■ TASK GOAL
Scan the material below for the string "high", and copy every line where it shows up.

■ DATA TO USE

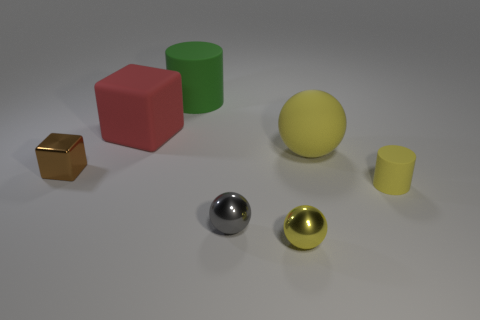Add 2 big cubes. How many objects exist? 9 Subtract all cylinders. How many objects are left? 5 Subtract 0 cyan cylinders. How many objects are left? 7 Subtract all tiny green matte things. Subtract all large green cylinders. How many objects are left? 6 Add 6 small rubber cylinders. How many small rubber cylinders are left? 7 Add 3 big purple metal cylinders. How many big purple metal cylinders exist? 3 
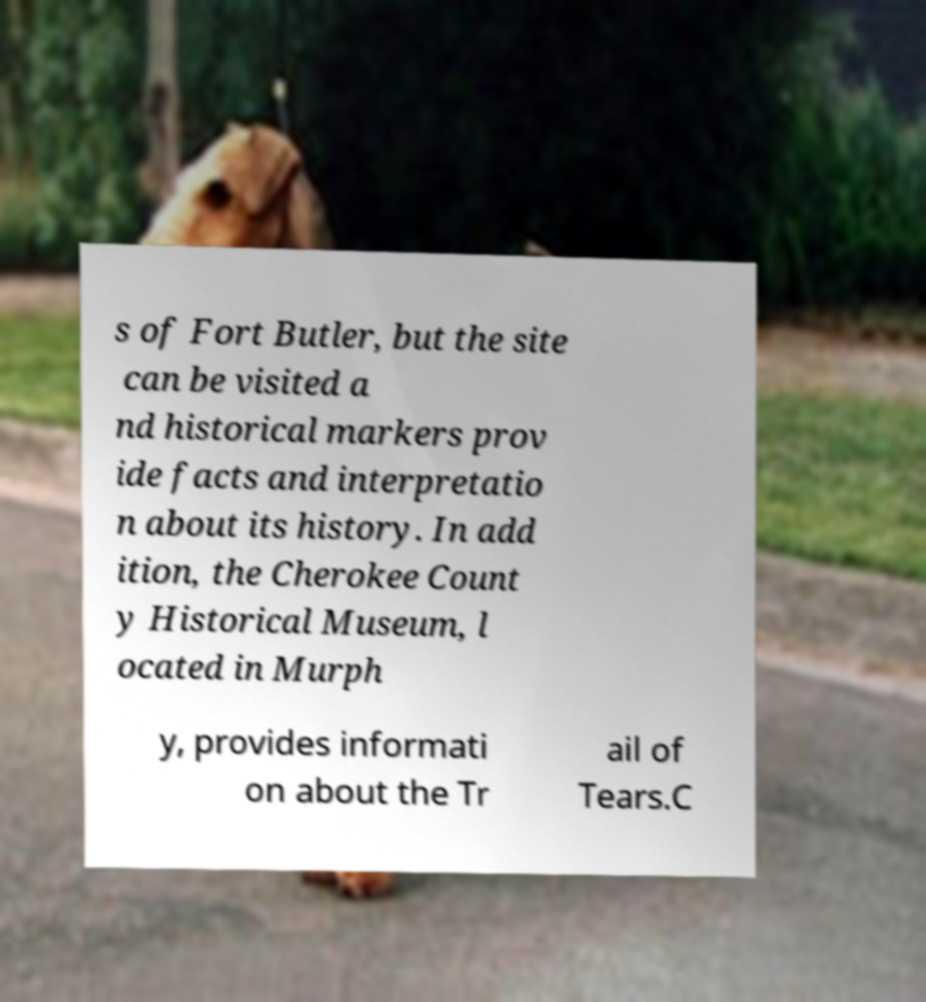Can you accurately transcribe the text from the provided image for me? s of Fort Butler, but the site can be visited a nd historical markers prov ide facts and interpretatio n about its history. In add ition, the Cherokee Count y Historical Museum, l ocated in Murph y, provides informati on about the Tr ail of Tears.C 
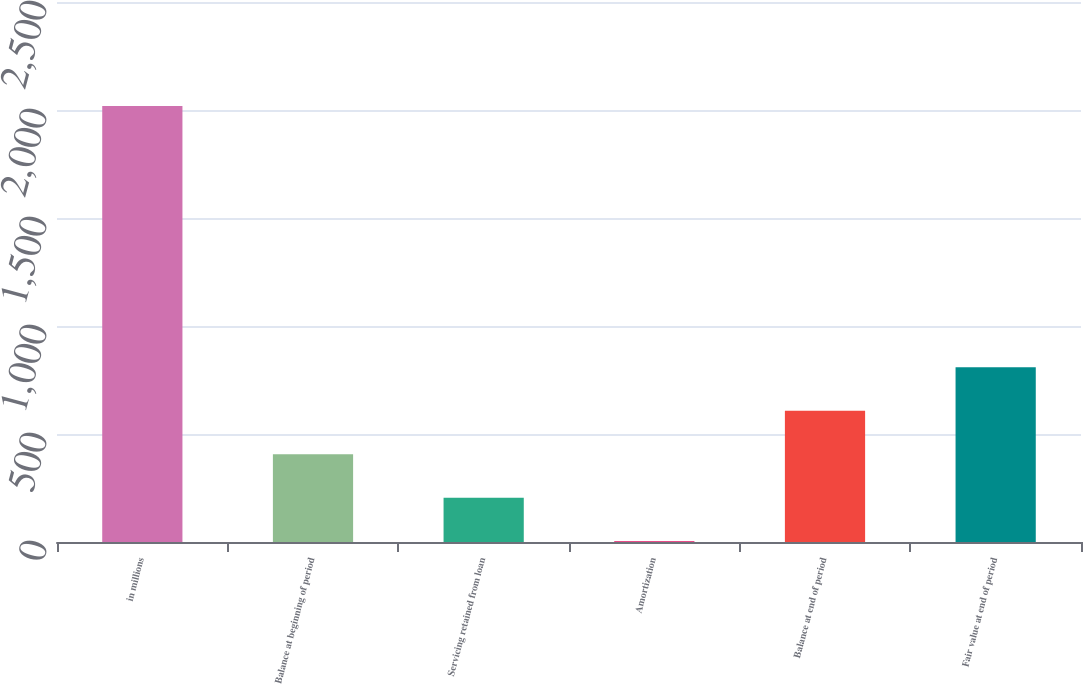Convert chart to OTSL. <chart><loc_0><loc_0><loc_500><loc_500><bar_chart><fcel>in millions<fcel>Balance at beginning of period<fcel>Servicing retained from loan<fcel>Amortization<fcel>Balance at end of period<fcel>Fair value at end of period<nl><fcel>2018<fcel>406.8<fcel>205.4<fcel>4<fcel>608.2<fcel>809.6<nl></chart> 
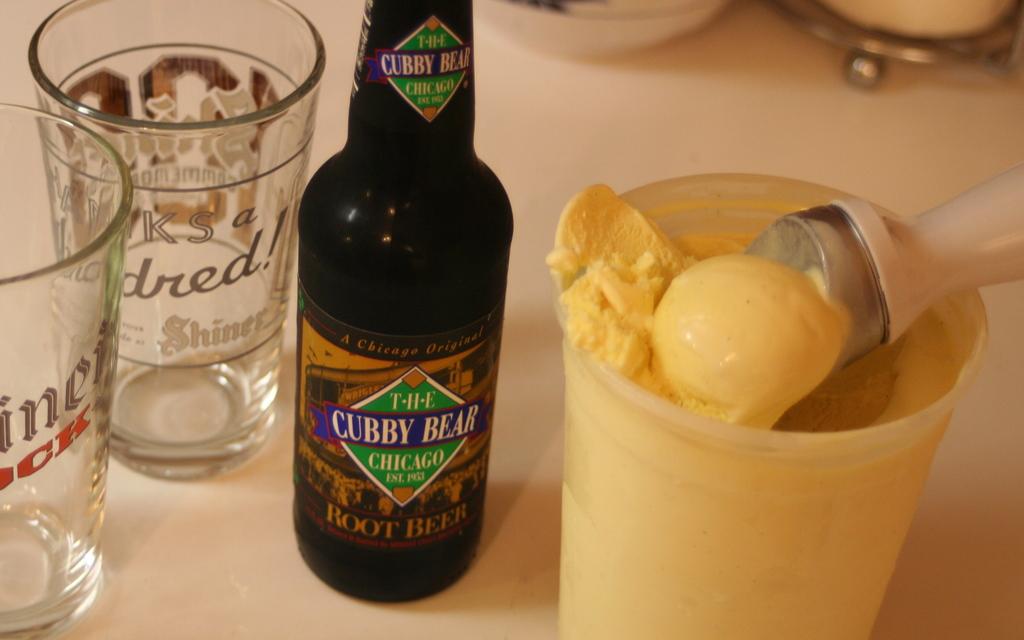Is this root beer?
Ensure brevity in your answer.  Yes. 
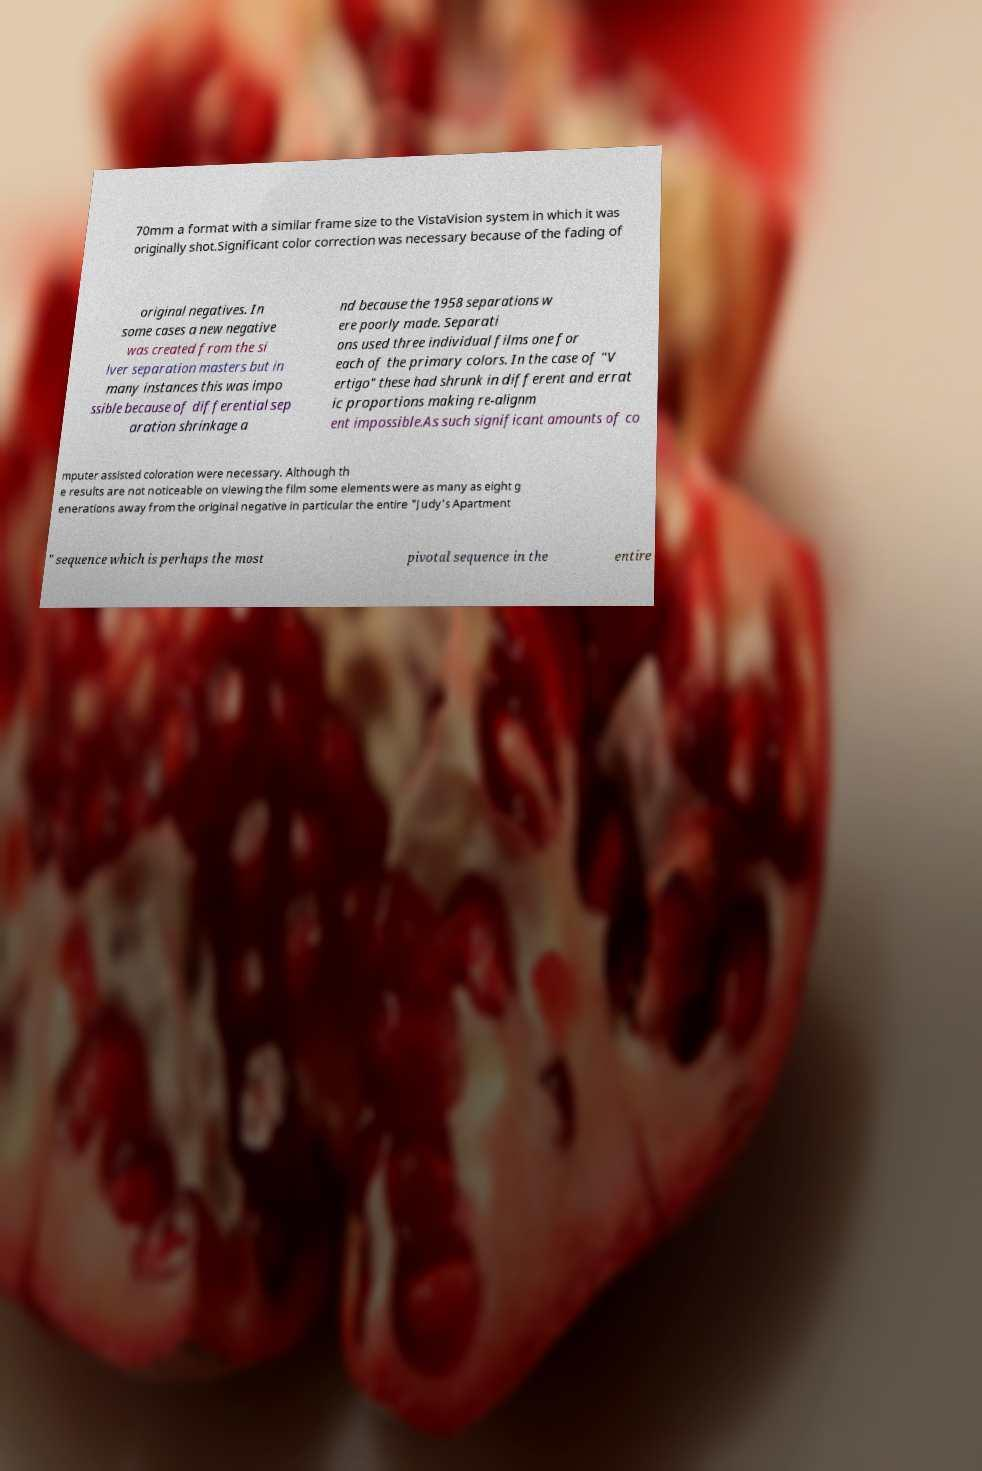Can you accurately transcribe the text from the provided image for me? 70mm a format with a similar frame size to the VistaVision system in which it was originally shot.Significant color correction was necessary because of the fading of original negatives. In some cases a new negative was created from the si lver separation masters but in many instances this was impo ssible because of differential sep aration shrinkage a nd because the 1958 separations w ere poorly made. Separati ons used three individual films one for each of the primary colors. In the case of "V ertigo" these had shrunk in different and errat ic proportions making re-alignm ent impossible.As such significant amounts of co mputer assisted coloration were necessary. Although th e results are not noticeable on viewing the film some elements were as many as eight g enerations away from the original negative in particular the entire "Judy's Apartment " sequence which is perhaps the most pivotal sequence in the entire 
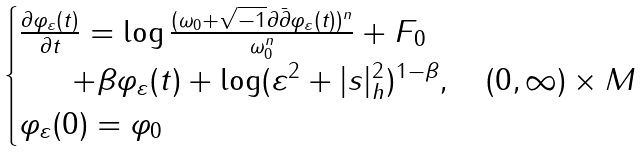<formula> <loc_0><loc_0><loc_500><loc_500>\begin{cases} \frac { \partial \varphi _ { \varepsilon } ( t ) } { \partial t } = \log \frac { ( \omega _ { 0 } + \sqrt { - 1 } \partial \bar { \partial } \varphi _ { \varepsilon } ( t ) ) ^ { n } } { \omega _ { 0 } ^ { n } } + F _ { 0 } \\ \quad \ \ + \beta \varphi _ { \varepsilon } ( t ) + \log ( \varepsilon ^ { 2 } + | s | _ { h } ^ { 2 } ) ^ { 1 - \beta } , \quad ( 0 , \infty ) \times M \\ \varphi _ { \varepsilon } ( 0 ) = \varphi _ { 0 } \\ \end{cases}</formula> 
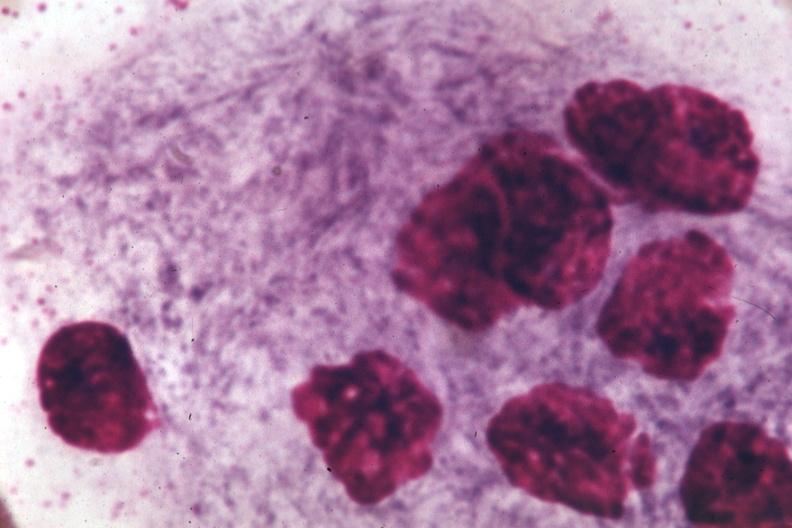what is present?
Answer the question using a single word or phrase. Hematologic 
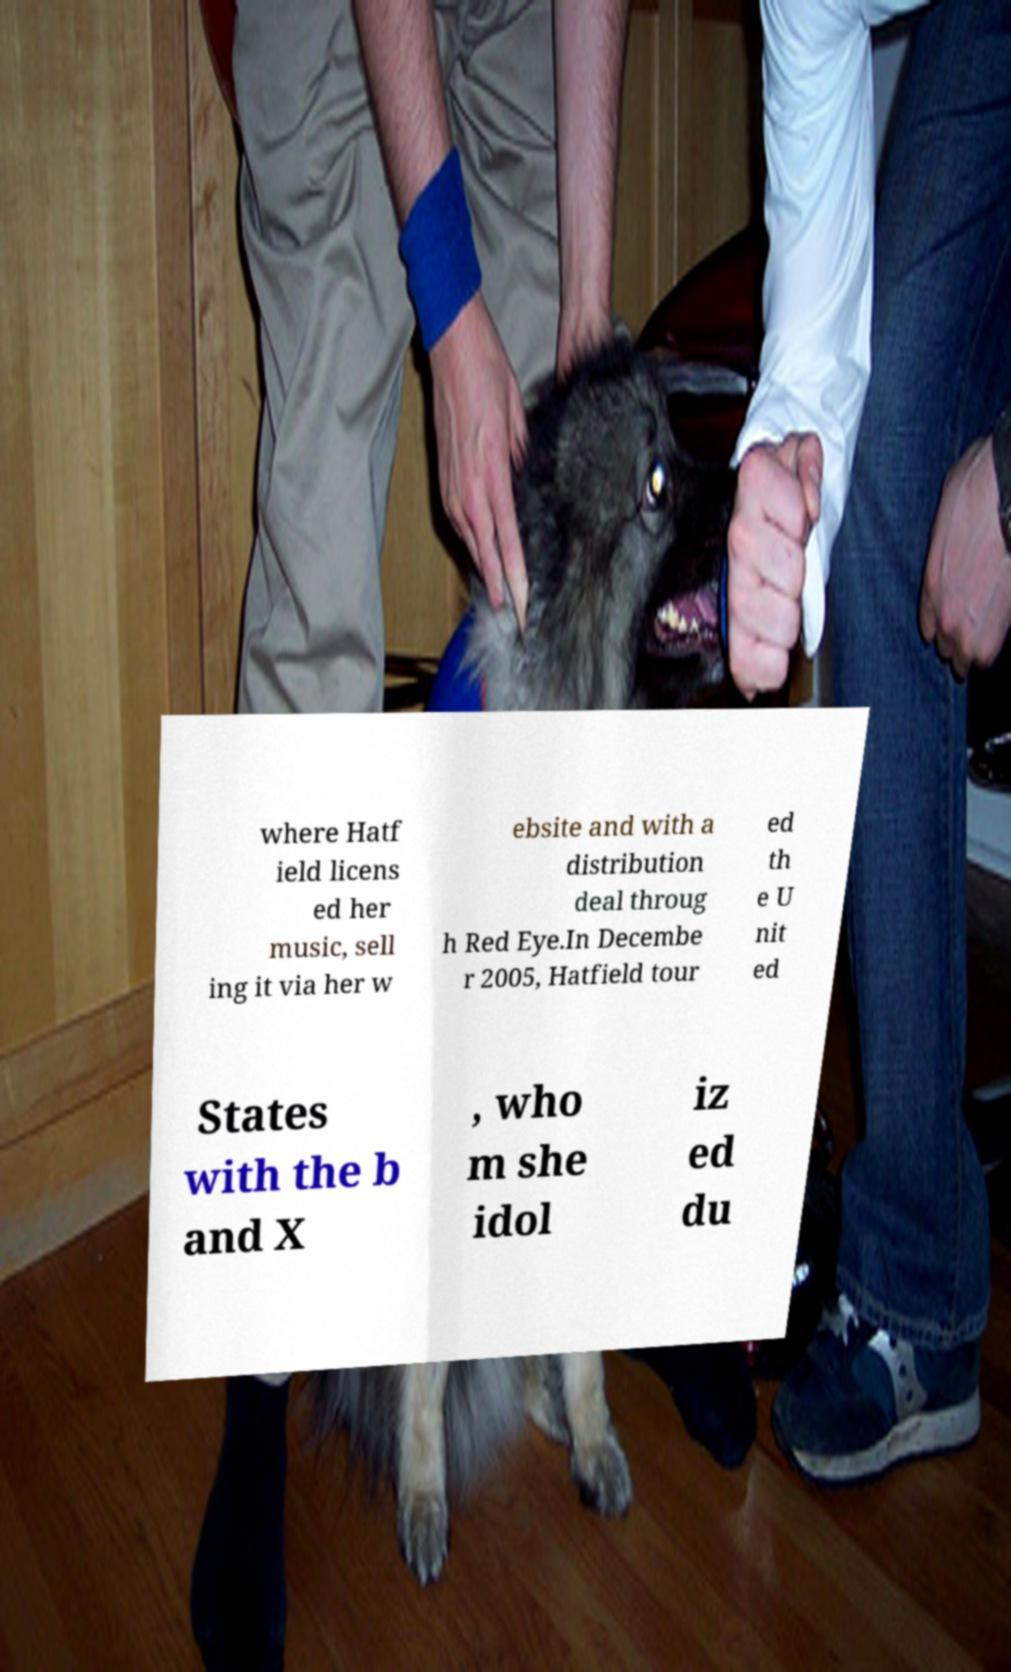Please read and relay the text visible in this image. What does it say? where Hatf ield licens ed her music, sell ing it via her w ebsite and with a distribution deal throug h Red Eye.In Decembe r 2005, Hatfield tour ed th e U nit ed States with the b and X , who m she idol iz ed du 
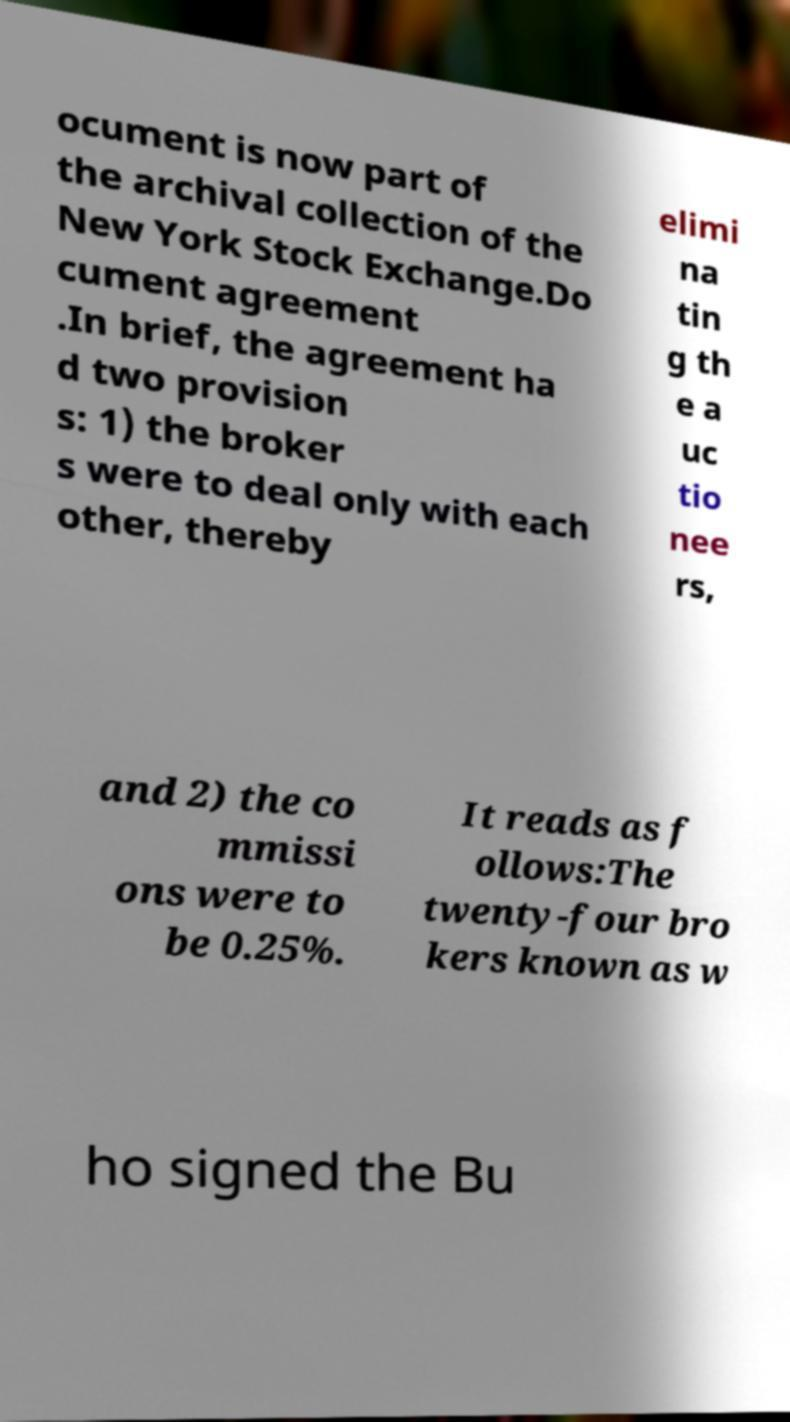I need the written content from this picture converted into text. Can you do that? ocument is now part of the archival collection of the New York Stock Exchange.Do cument agreement .In brief, the agreement ha d two provision s: 1) the broker s were to deal only with each other, thereby elimi na tin g th e a uc tio nee rs, and 2) the co mmissi ons were to be 0.25%. It reads as f ollows:The twenty-four bro kers known as w ho signed the Bu 
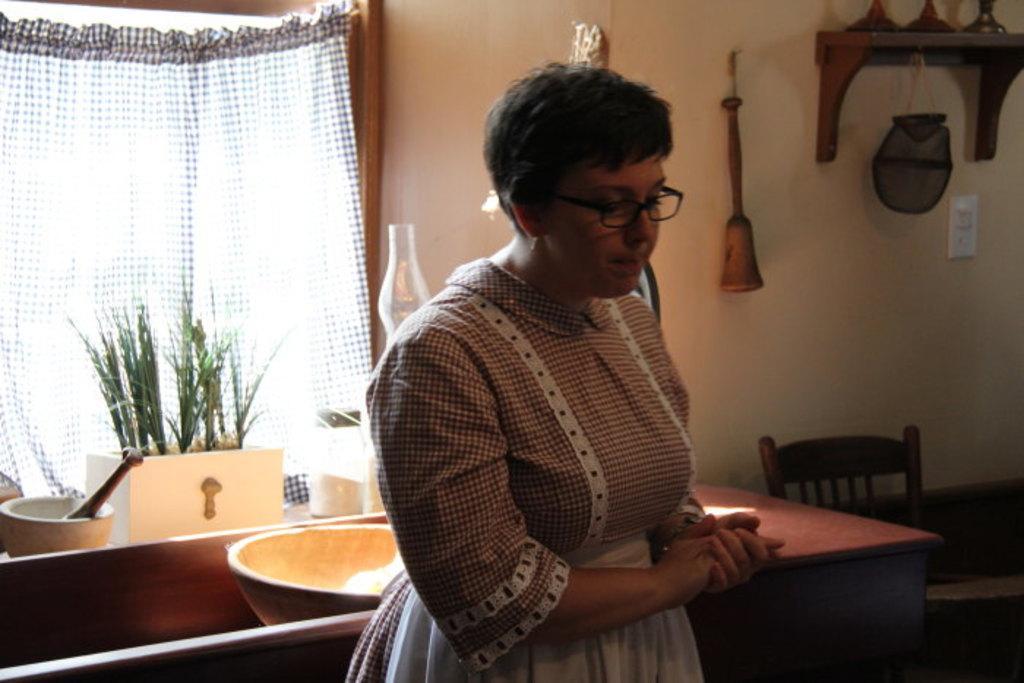Can you describe this image briefly? In this image I can see the person. In the background I can see the table and the chair and I can also see the plant in green color, curtain, window and few objects attached to the wall 
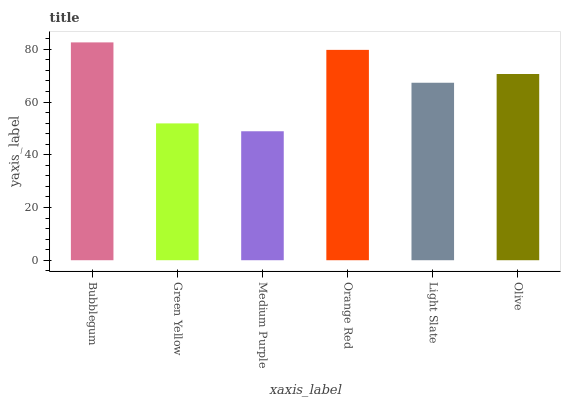Is Medium Purple the minimum?
Answer yes or no. Yes. Is Bubblegum the maximum?
Answer yes or no. Yes. Is Green Yellow the minimum?
Answer yes or no. No. Is Green Yellow the maximum?
Answer yes or no. No. Is Bubblegum greater than Green Yellow?
Answer yes or no. Yes. Is Green Yellow less than Bubblegum?
Answer yes or no. Yes. Is Green Yellow greater than Bubblegum?
Answer yes or no. No. Is Bubblegum less than Green Yellow?
Answer yes or no. No. Is Olive the high median?
Answer yes or no. Yes. Is Light Slate the low median?
Answer yes or no. Yes. Is Light Slate the high median?
Answer yes or no. No. Is Olive the low median?
Answer yes or no. No. 
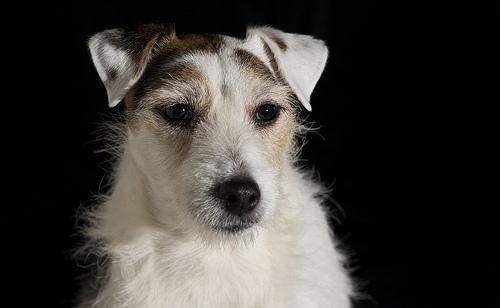How many animals are in this picture?
Give a very brief answer. 1. How many ears are in this picture?
Give a very brief answer. 2.

■ FINISHED TASK
Answer yes or no. No. Is Olive the high median?
Answer yes or no. Yes. Is Light Slate the high median?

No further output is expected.